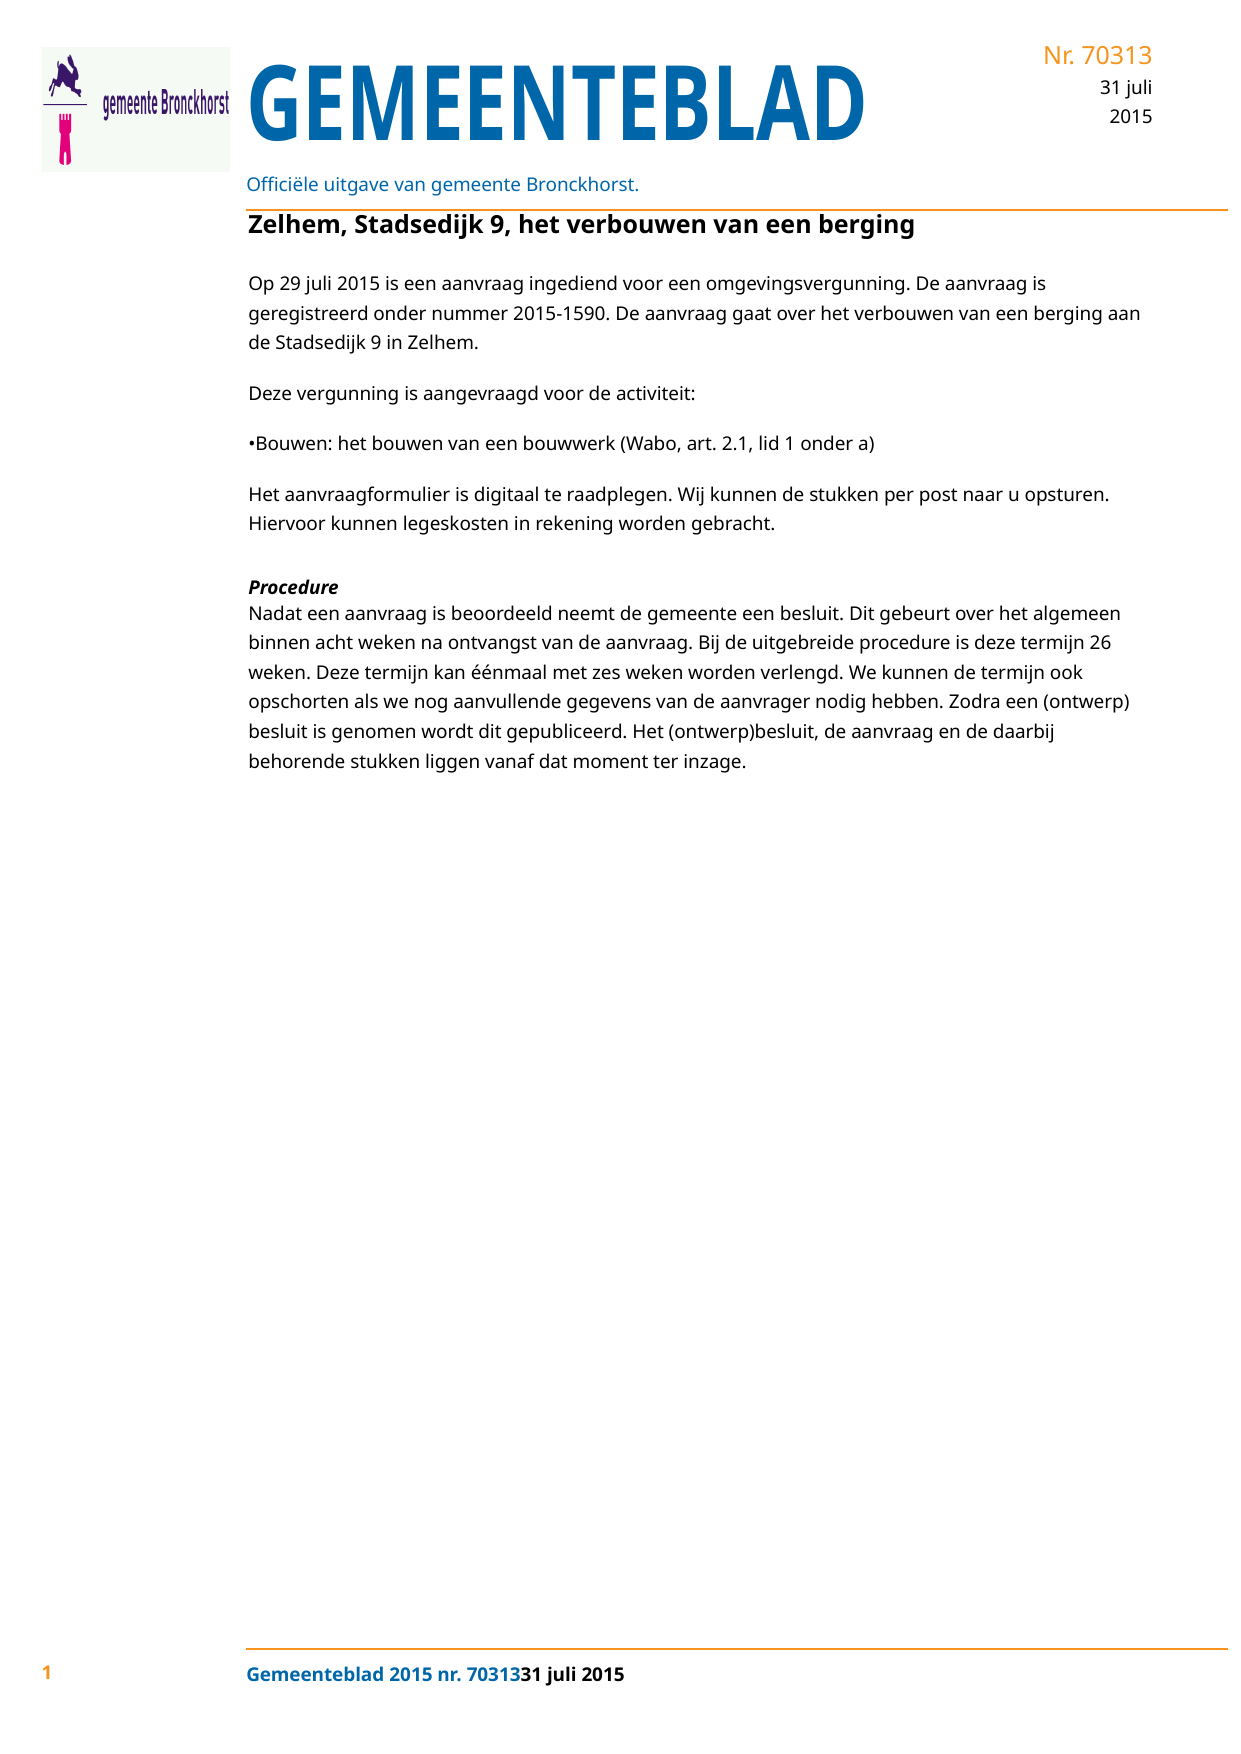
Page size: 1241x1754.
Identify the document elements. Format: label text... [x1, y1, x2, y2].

text Nadat een aanvraag is beoordeeld neemt de gemeente een besluit. Dit gebeurt over het algemeen binnen acht weken na ontvangst van de aanvraag. Bij de uitgebreide procedure is deze termijn 26 weken. Deze termijn kan éénmaal met zes weken worden verlengd. We kunnen de termijn ook opschorten als we nog aanvullende gegevens van de aanvrager nodig hebben. Zodra een (ontwerp) besluit is genomen wordt dit gepubliceerd. Het (ontwerp)besluit, de aanvraag en de daarbij behorende stukken liggen vanaf dat moment ter inzage. [248, 600, 1152, 774]
text Procedure [248, 574, 1152, 600]
text Het aanvraagformulier is digitaal te raadplegen. Wij kunnen de stukken per post naar u opsturen. Hiervoor kunnen legeskosten in rekening worden gebracht. [248, 481, 1152, 536]
text Op 29 juli 2015 is een aanvraag ingediend voor een omgevingsvergunning. De aanvraag is geregistreerd onder nummer 2015-1590. De aanvraag gaat over het verbouwen van een berging aan de Stadsedijk 9 in Zelhem. [248, 270, 1152, 355]
text Zelhem, Stadsedijk 9, het verbouwen van een berging [248, 211, 1152, 241]
text •Bouwen: het bouwen van een bouwwerk (Wabo, art. 2.1, lid 1 onder a) [248, 430, 1152, 456]
picture [41, 47, 231, 172]
text Deze vergunning is aangevraagd voor de activiteit: [248, 380, 1152, 406]
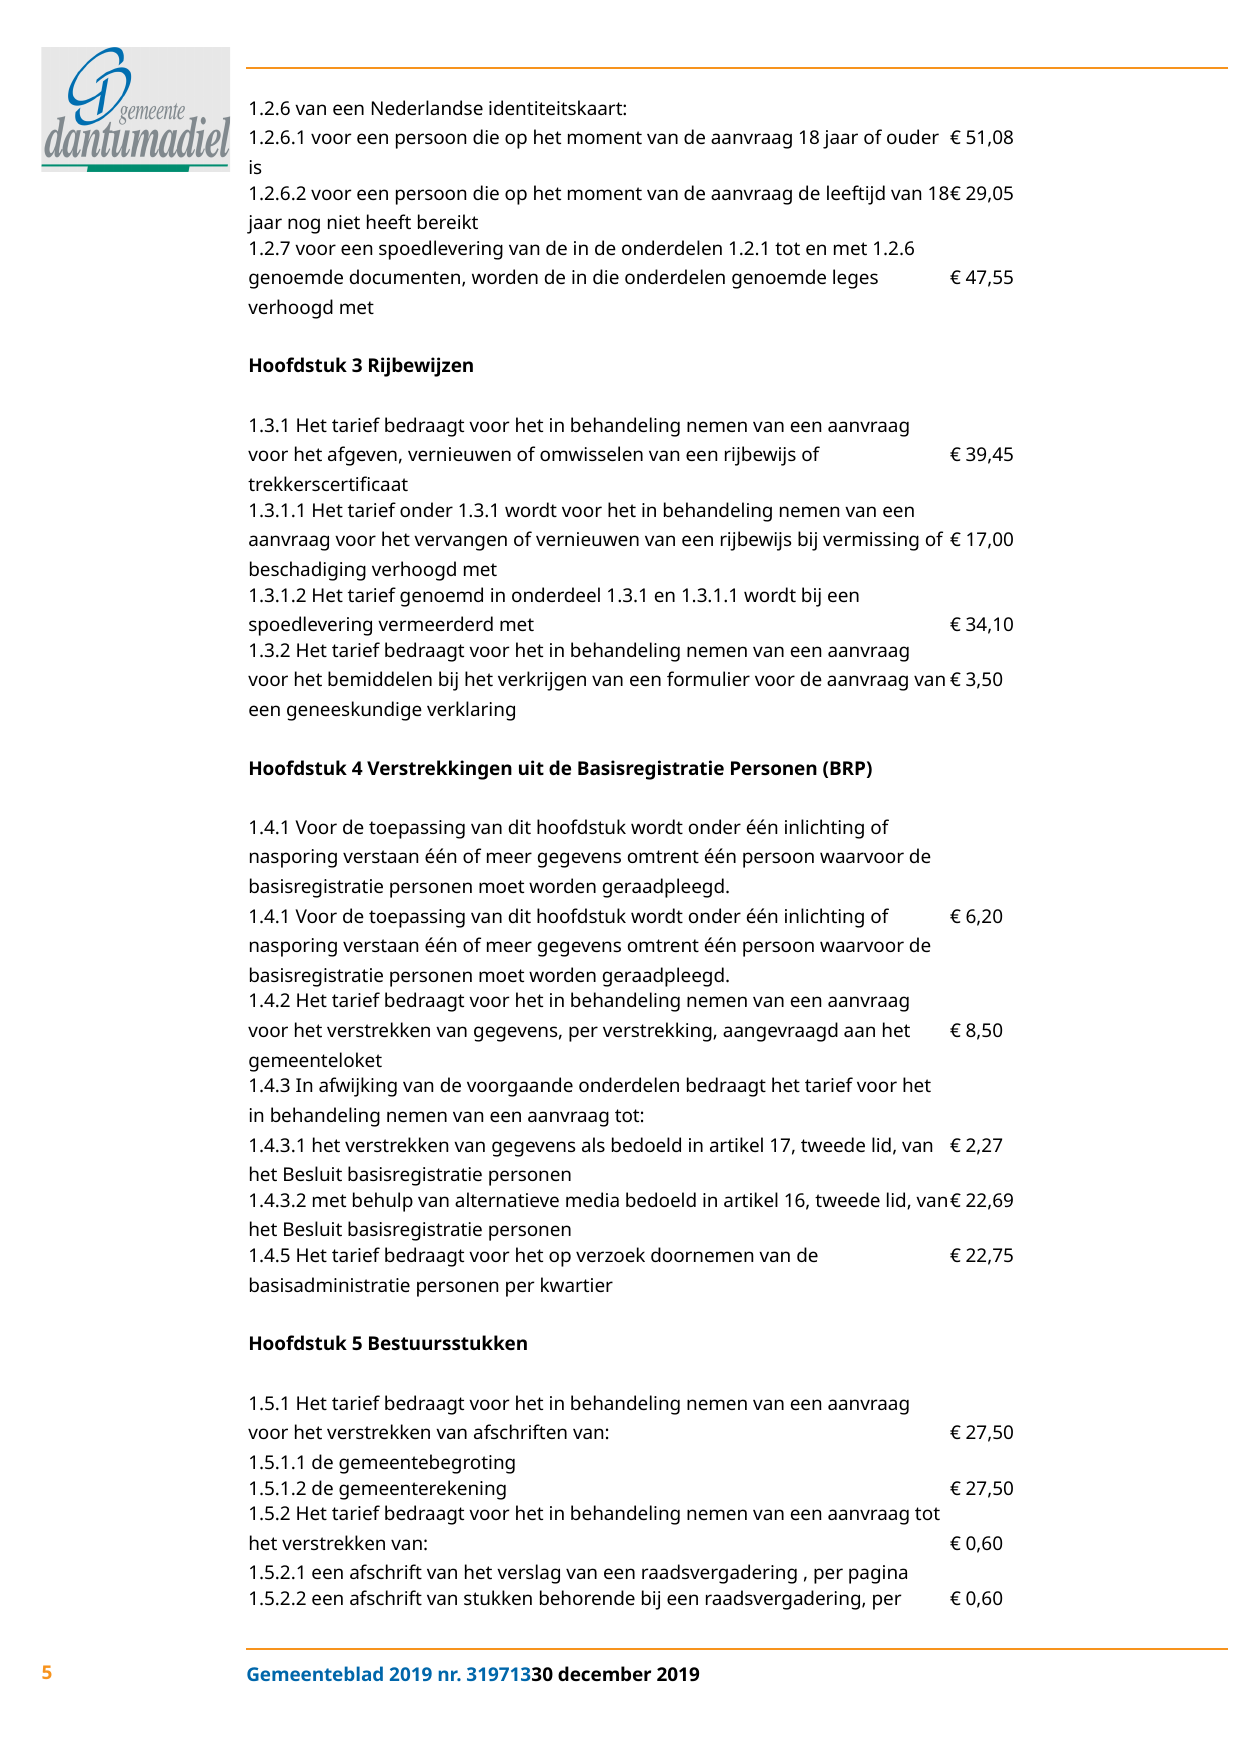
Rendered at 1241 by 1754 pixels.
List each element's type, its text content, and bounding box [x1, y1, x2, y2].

text Hoofdstuk 4 Verstrekkingen uit de Basisregistratie Personen (BRP) [248, 755, 1152, 781]
table_cell 1.5.2 Het tarief bedraagt voor het in behandeling nemen van een aanvraag tot het verstrekken van: 1.5.2.1 een afschrift van het verslag van een raadsvergadering , per pagina [248, 1500, 950, 1585]
table_header 1.4.1 Voor de toepassing van dit hoofdstuk wordt onder één inlichting of nasporing verstaan één of meer gegevens omtrent één persoon waarvoor de basisregistratie personen moet worden geraadpleegd. 1.4.1 Voor de toepassing van dit hoofdstuk wordt onder één inlichting of nasporing verstaan één of meer gegevens omtrent één persoon waarvoor de basisregistratie personen moet worden geraadpleegd. [248, 814, 950, 988]
table_cell 1.5.1.2 de gemeenterekening [248, 1475, 950, 1500]
table_cell 1.4.5 Het tarief bedraagt voor het op verzoek doornemen van de basisadministratie personen per kwartier [248, 1243, 950, 1298]
table_cell € 51,08 [950, 95, 1152, 180]
picture [41, 47, 231, 172]
table_cell € 3,50 [950, 637, 1152, 722]
table_cell € 8,50 [950, 988, 1152, 1073]
table_cell € 0,60 [950, 1500, 1152, 1585]
table_cell € 0,60 [950, 1585, 1152, 1611]
table_cell € 47,55 [950, 235, 1152, 320]
table_header € 6,20 [950, 814, 1152, 988]
table_cell 1.2.7 voor een spoedlevering van de in de onderdelen 1.2.1 tot en met 1.2.6 genoemde documenten, worden de in die onderdelen genoemde leges verhoogd met [248, 235, 950, 320]
table_header € 27,50 [950, 1390, 1152, 1475]
text Hoofdstuk 5 Bestuursstukken [248, 1331, 1152, 1356]
table_header 1.5.1 Het tarief bedraagt voor het in behandeling nemen van een aanvraag voor het verstrekken van afschriften van: 1.5.1.1 de gemeentebegroting [248, 1390, 950, 1475]
table_header € 39,45 [950, 412, 1152, 497]
table_cell € 34,10 [950, 582, 1152, 637]
table_cell € 22,69 [950, 1187, 1152, 1242]
table_cell € 2,27 [950, 1073, 1152, 1187]
table_cell 1.3.2 Het tarief bedraagt voor het in behandeling nemen van een aanvraag voor het bemiddelen bij het verkrijgen van een formulier voor de aanvraag van een geneeskundige verklaring [248, 637, 950, 722]
table_cell 1.4.3 In afwijking van de voorgaande onderdelen bedraagt het tarief voor het in behandeling nemen van een aanvraag tot: 1.4.3.1 het verstrekken van gegevens als bedoeld in artikel 17, tweede lid, van het Besluit basisregistratie personen [248, 1073, 950, 1187]
table_cell € 17,00 [950, 497, 1152, 582]
table_cell 1.2.6 van een Nederlandse identiteitskaart: 1.2.6.1 voor een persoon die op het moment van de aanvraag 18 jaar of ouder is [248, 95, 950, 180]
table_cell € 27,50 [950, 1475, 1152, 1500]
table_cell € 29,05 [950, 180, 1152, 235]
table_cell 1.4.2 Het tarief bedraagt voor het in behandeling nemen van een aanvraag voor het verstrekken van gegevens, per verstrekking, aangevraagd aan het gemeenteloket [248, 988, 950, 1073]
table_cell 1.2.6.2 voor een persoon die op het moment van de aanvraag de leeftijd van 18 jaar nog niet heeft bereikt [248, 180, 950, 235]
table_cell 1.3.1.1 Het tarief onder 1.3.1 wordt voor het in behandeling nemen van een aanvraag voor het vervangen of vernieuwen van een rijbewijs bij vermissing of beschadiging verhoogd met [248, 497, 950, 582]
table_cell 1.3.1.2 Het tarief genoemd in onderdeel 1.3.1 en 1.3.1.1 wordt bij een spoedlevering vermeerderd met [248, 582, 950, 637]
table_header 1.3.1 Het tarief bedraagt voor het in behandeling nemen van een aanvraag voor het afgeven, vernieuwen of omwisselen van een rijbewijs of trekkerscertificaat [248, 412, 950, 497]
table_cell 1.4.3.2 met behulp van alternatieve media bedoeld in artikel 16, tweede lid, van het Besluit basisregistratie personen [248, 1187, 950, 1242]
text Hoofdstuk 3 Rijbewijzen [248, 353, 1152, 378]
table_cell 1.5.2.2 een afschrift van stukken behorende bij een raadsvergadering, per [248, 1585, 950, 1611]
table_cell € 22,75 [950, 1243, 1152, 1298]

******************************

_Exercise requirements_
Work through the records line by line and tally those holding "verhoogd". Reply with the number alone.

_Task result_
2